In deze zaak heeft eiser op 10 april 2024 beroep ingesteld tegen het niet tijdig nemen van een besluit op zijn asielaanvraag van 13 december 2022. De rechtbank heeft eerder, op 25 juli 2024, het beroep van eiser gegrond verklaard en verweerder opgedragen om uiterlijk op 13 september 2024 een besluit op de aanvraag bekend te maken. Eiser heeft op 1 januari 2025 opnieuw beroep ingesteld, omdat verweerder wederom geen besluit had genomen. De rechtbank heeft op basis van artikel 8:54, eerste lid, van de Algemene wet bestuursrecht (Awb) uitspraak gedaan zonder zitting, aangezien verweerder geen verweerschrift heeft ingediend.

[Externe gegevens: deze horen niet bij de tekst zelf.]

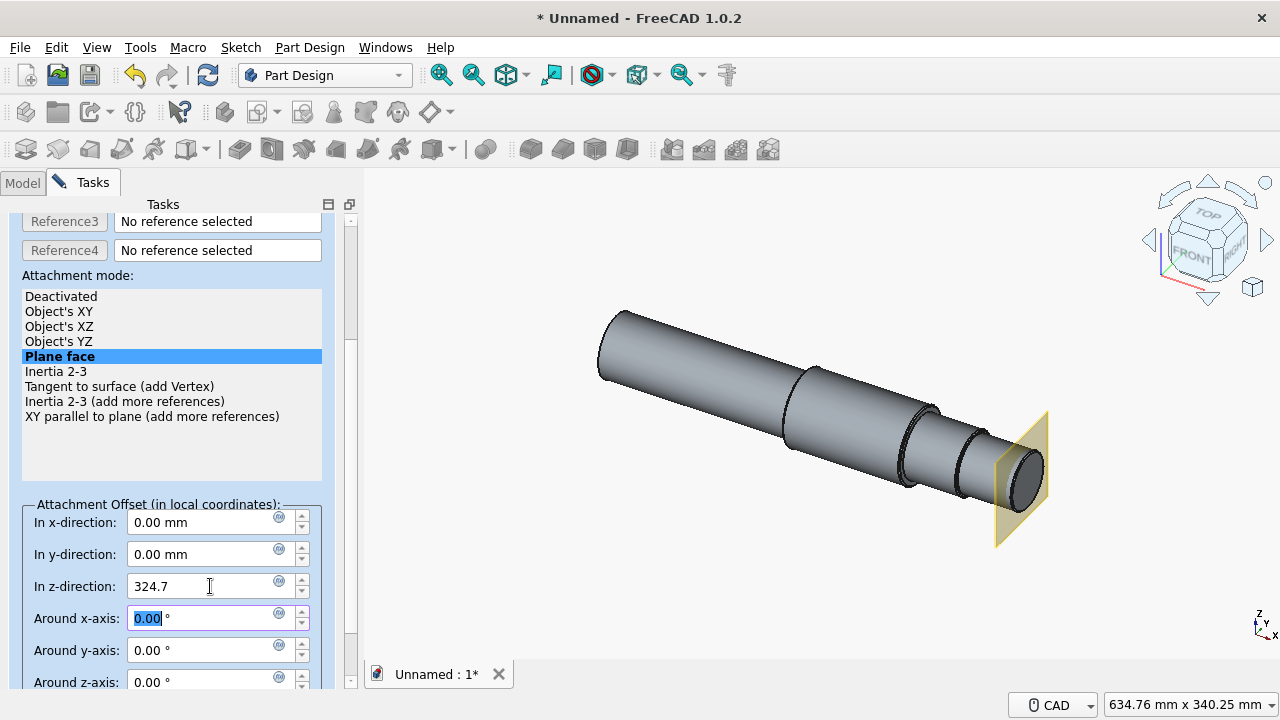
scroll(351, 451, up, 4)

De rechtbank overweegt dat, volgens vaste jurisprudentie, een ingebrekestelling vereist is bij het niet tijdig nemen van een besluit, maar dat dit niet nodig is als de rechtbank al een termijn heeft gesteld. In de eerdere uitspraak is verweerder een dwangsom van € 100 opgelegd voor elke dag dat de termijn werd overschreden, met een maximum van € 7.500. Aangezien de minister nog steeds geen besluit heeft genomen, is het beroep ontvankelijk en gegrond verklaard. De rechtbank legt een nieuwe termijn van twee weken op voor verweerder om alsnog een besluit bekend te maken.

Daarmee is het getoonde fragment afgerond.